▶ _Instructions to follow_:
Return the listing below verbatim. Pictures do not belong in the copy.

▶ _Input data_:
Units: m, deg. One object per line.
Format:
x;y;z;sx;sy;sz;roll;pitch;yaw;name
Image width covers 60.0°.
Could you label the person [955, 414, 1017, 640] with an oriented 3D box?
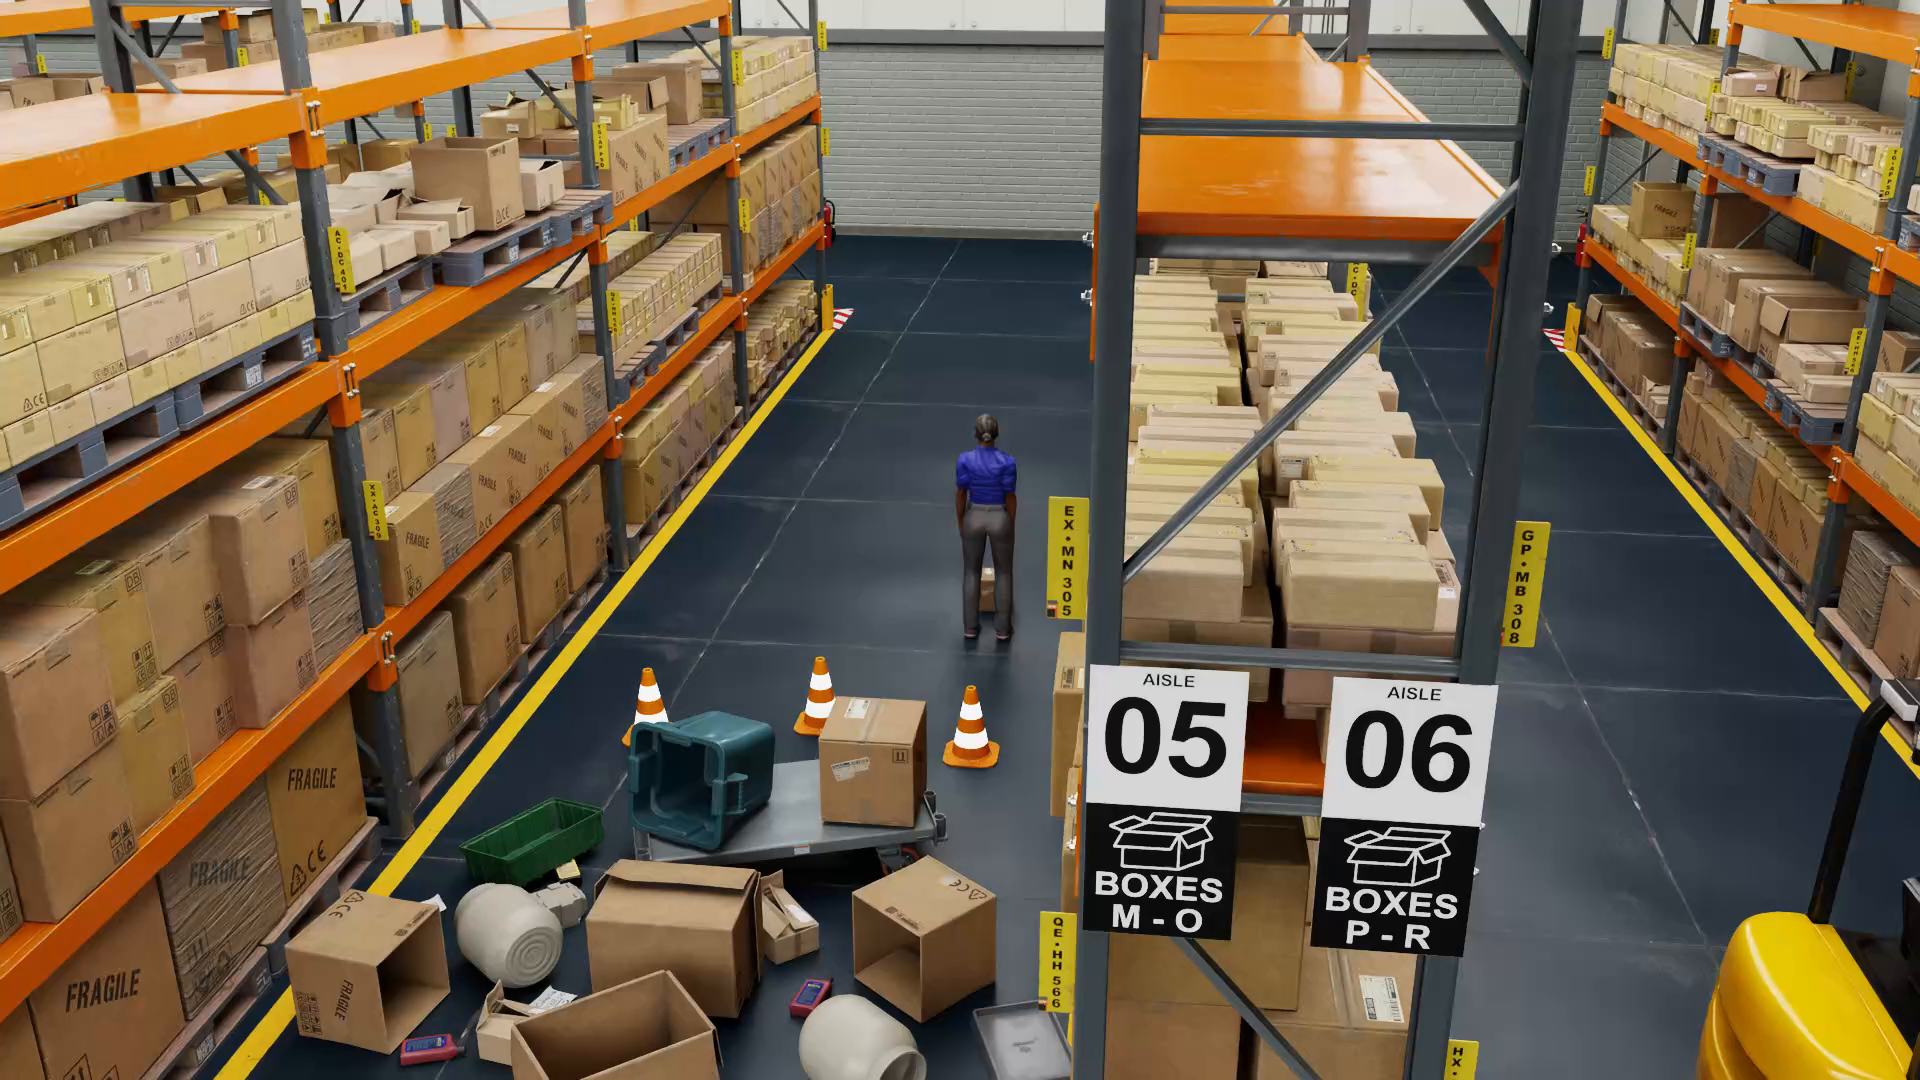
0.185;-0.098;11.746;0.437;1.656;0.299;3;22;8;person
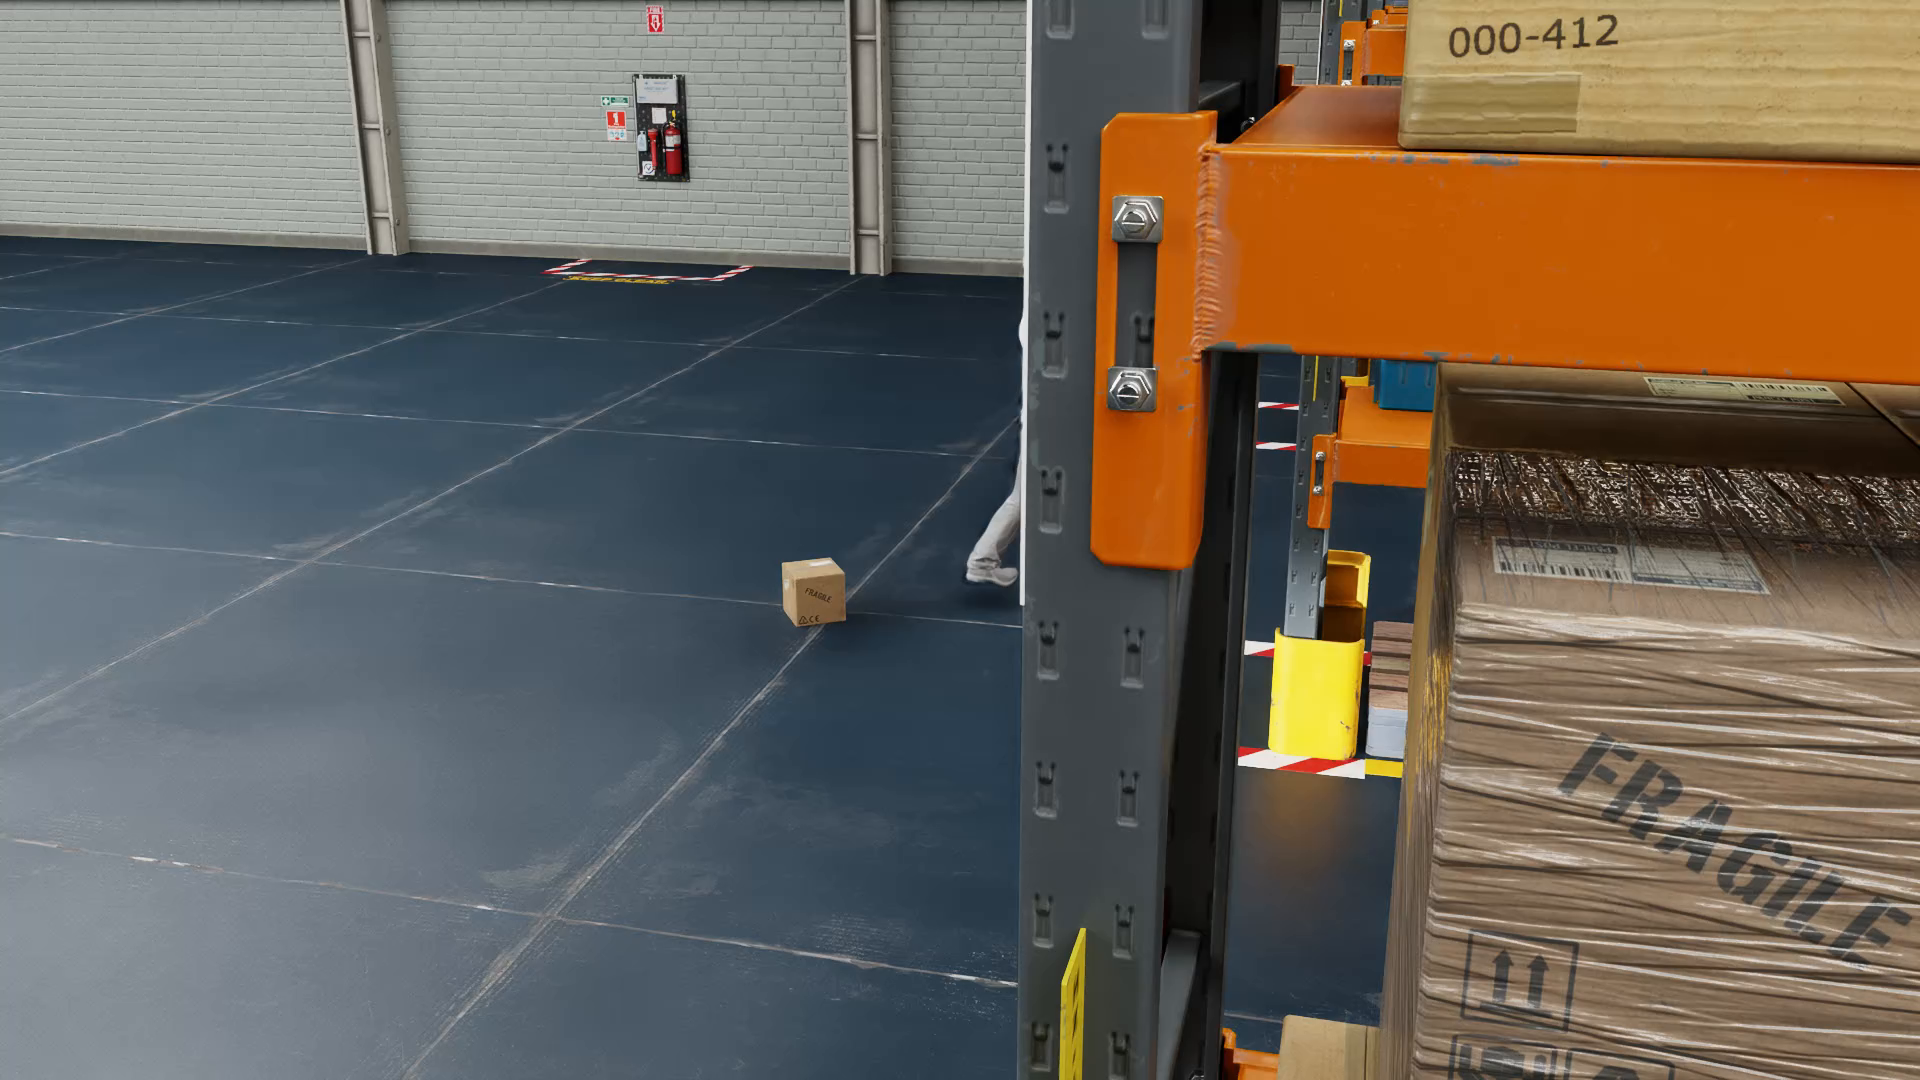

▶ _Answer to this task_:
Units: m, deg. One object per line.
Format:
x;y;z;sx;sy;sz;roll;pitch;yaw;name
Image width covers 60.0°.
Could you label the person [955, 414, 1017, 640] with an oriented 3D box?
0.185;-0.098;11.746;0.437;1.656;0.299;3;22;8;person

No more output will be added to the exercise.